Excerpts from a dataset
+-------+

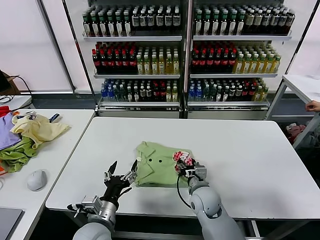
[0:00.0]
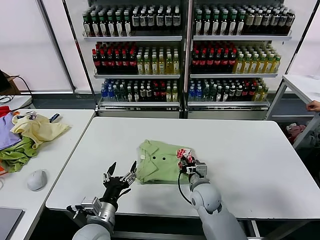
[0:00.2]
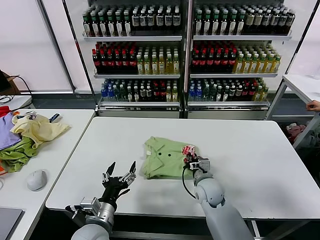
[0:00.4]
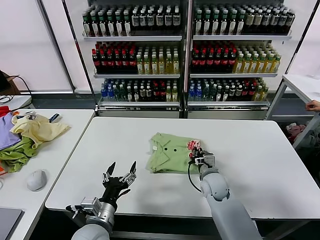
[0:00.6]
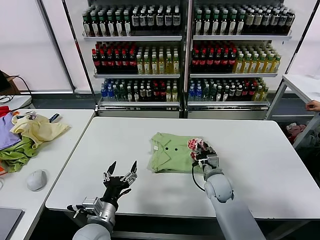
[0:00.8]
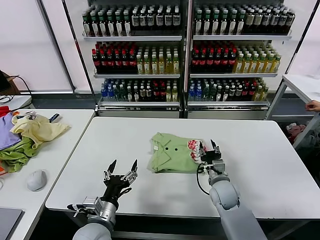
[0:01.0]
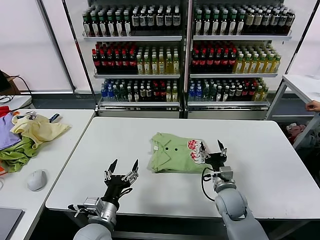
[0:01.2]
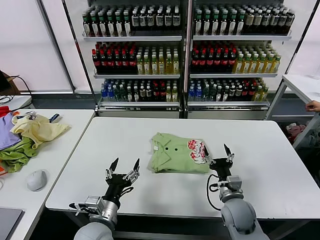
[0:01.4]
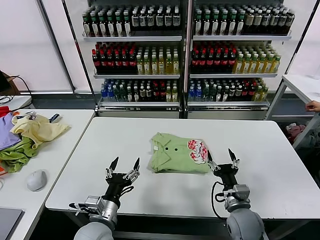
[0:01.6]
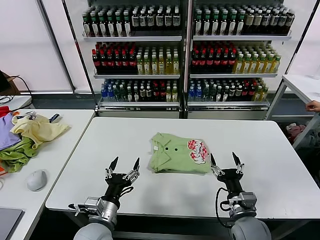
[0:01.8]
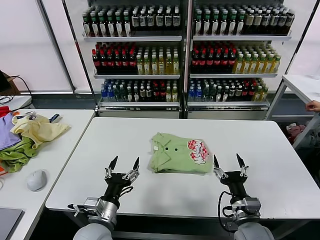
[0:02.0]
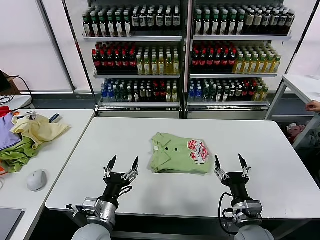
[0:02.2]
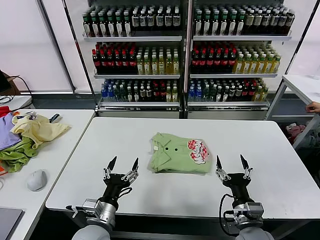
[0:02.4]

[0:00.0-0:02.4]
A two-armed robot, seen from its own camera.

+-------+

Your assignment:
Images must not appear; print each record precisely as it reads.

Exercise solution:
[0:00.0]
[0:00.2]
[0:00.4]
[0:00.6]
[0:00.8]
[0:01.0]
[0:01.2]
[0:01.4]
[0:01.6]
[0:01.8]
[0:02.0]
[0:02.2]
[0:02.4]

[0:00.0-0:02.4]
A two-armed robot, seen from its own camera.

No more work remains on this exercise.